Oblivion II. Onyx attraverso gli occhi di Daemon – Armentrout Jennifer L

SINTESI DEL LIBRO:

 Kat mi ignorava.
Non ero per nulla sorpreso, lo faceva anche a scuola. La sera del
ballo si era conclusa tragicamente, lei aveva rischiato di morire e io
l’avevo salvata. E adesso si comportava come se, con un po’ di
sforzo, potesse fingere che tutto fosse normale, come se potesse
riuscire a far sparire ogni cosa.
A far sparire me.
Non sarebbe successo tanto presto, e non perché Kat brillava
come un gigantesco lampione, ma per via del fatto che ero deciso a
lottare per quello che volevo. A superare tutta quella storia del frutto
proibito e stupidaggini simili. Ormai non pensavo più di non poter
prendere quello che desideravo a causa della natura mia e di Kat.
No, maledizione, sapevo bene che conquistare quello che volevo
non sarebbe stato facile. Nulla lo era, nella vita, ma questo non
cambiava ciò che provavo.
Io volevo lei.
E sapevo che, al di là degli ostacoli e delle liti, anche Kat mi
voleva. Dovevo soltanto farglielo ammettere, ma ora come ora
desideravo solo caricarmela in spalla, portarla a casa di peso e
chiuderla in una stanza.
Kat parcheggiò la sua Camry di fronte all’ufficio postale, scese
dalla macchina e io le accostai accanto, con l’auto rivolta nella
direzione opposta. Abbassai il finestrino e la fissai. «Che cosa non ti
è chiaro nella frase: “Vai dritto a casa dopo la scuola”?»

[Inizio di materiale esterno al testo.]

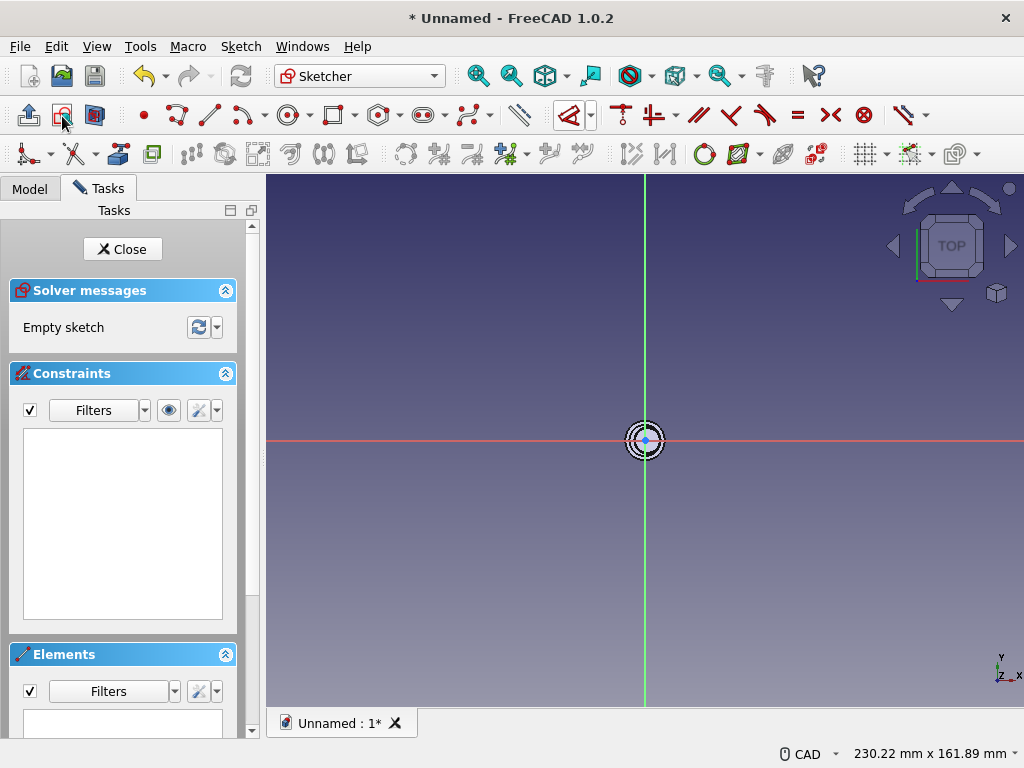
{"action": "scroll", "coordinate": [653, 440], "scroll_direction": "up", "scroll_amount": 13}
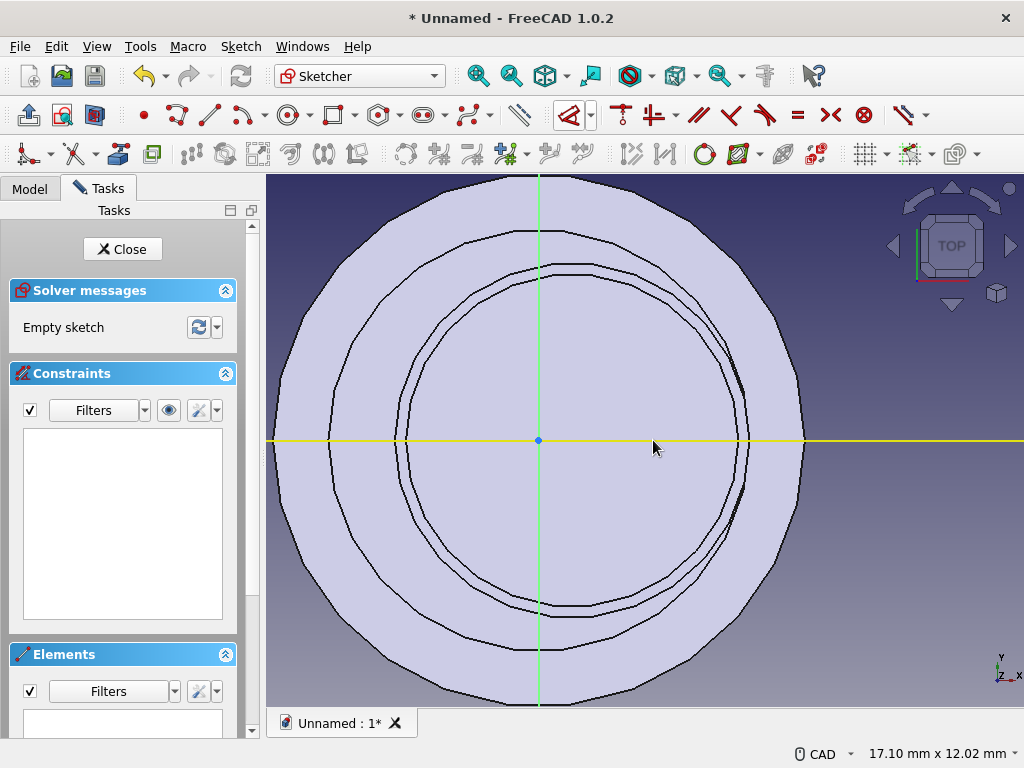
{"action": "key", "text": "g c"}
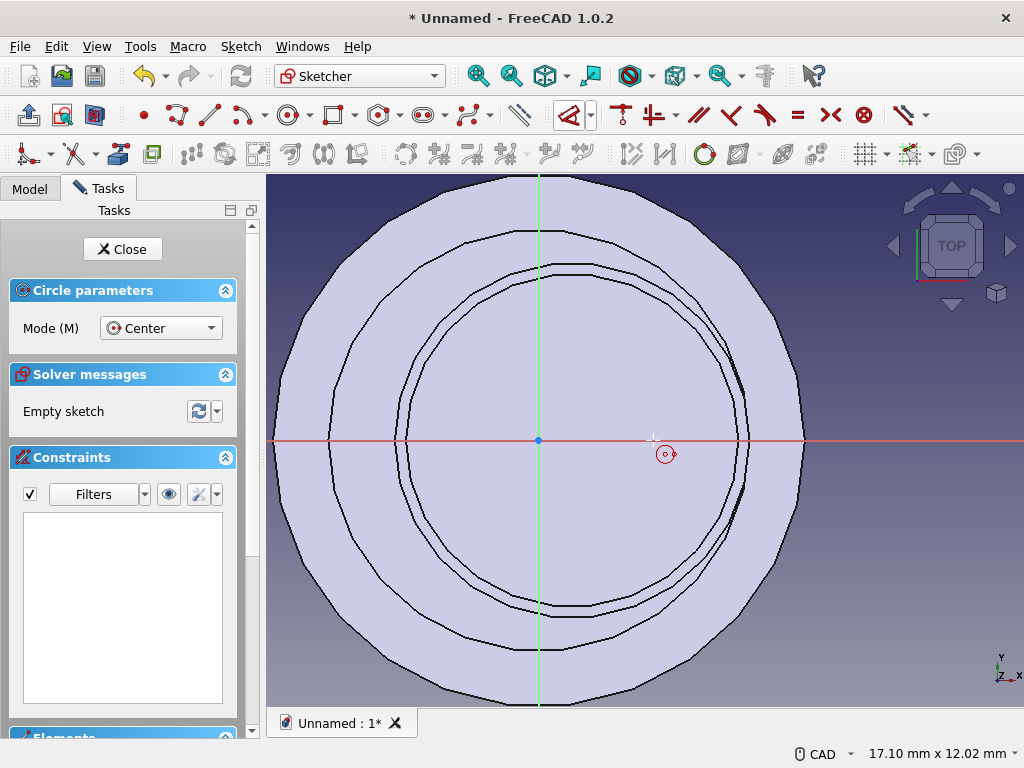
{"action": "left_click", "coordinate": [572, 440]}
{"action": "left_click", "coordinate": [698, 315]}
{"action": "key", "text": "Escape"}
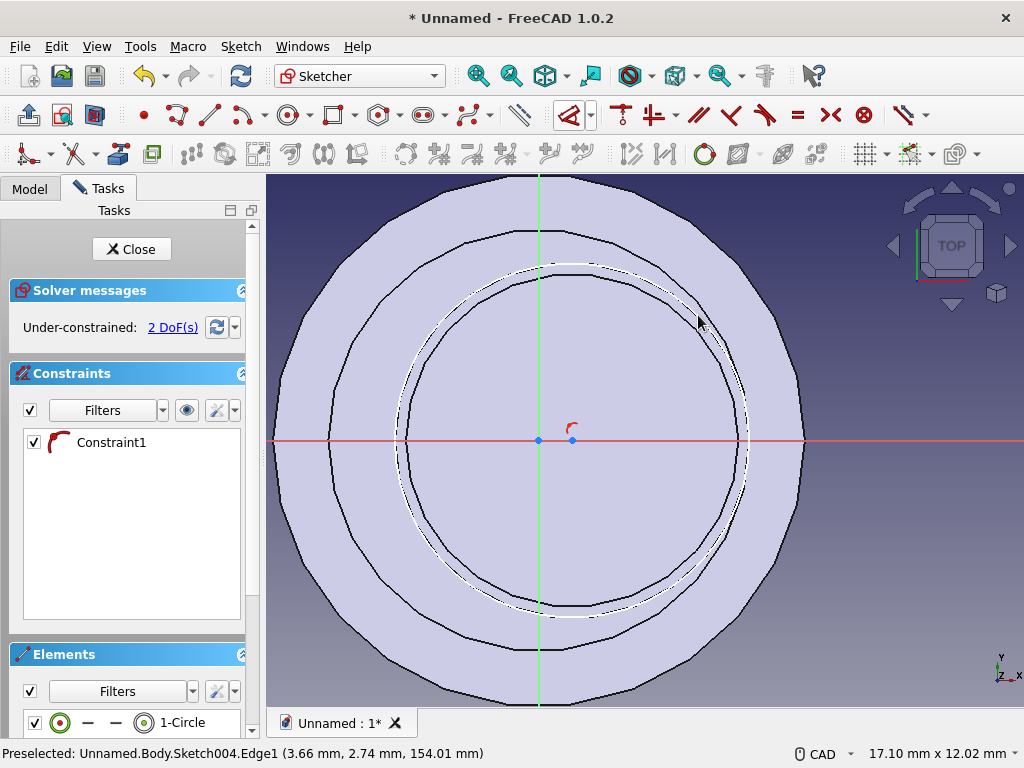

Kat fece una smorfia e sostenne il mio sguardo. «Potrebbero
esserci dei libri ad aspettarmi all’ufficio postale.»
Sospirai. «Potrebbe anche esserci un Arum nei paraggi, pronto a
divorarti.»
Kat non cedette alla mia logica schiacciante, anche perché sapeva
che avevo già setacciato l’intero Stato senza trovare traccia di Arum.
«Ci sei tu, va tutto bene.»
«Sì, ma prevenire è meglio che curare, sai?» Appena la vidi alzare
gli occhi al cielo aprii la portiera. «Sei proprio fastidiosa» le dissi.
Sollevò il dito medio per grattarsi la guancia.
Le sorrisi. «Che gentile, Kitty.»
Mi sorrise a sua volta, poi si voltò e attraversò il parcheggio
ancheggiando. Con quei jeans sbiaditi che le fasciavano ogni curva
era un vero spettacolo, perciò non avrei protestato perché mi aveva
dato le spalle.
Finché a un certo punto decise di saltare in una pozzanghera
grande come un lago.
Sollevò schizzi di acqua fangosa che mi finirono sui pantaloni.
Feci un sospiro esasperato. «Ma quanti anni hai, due?»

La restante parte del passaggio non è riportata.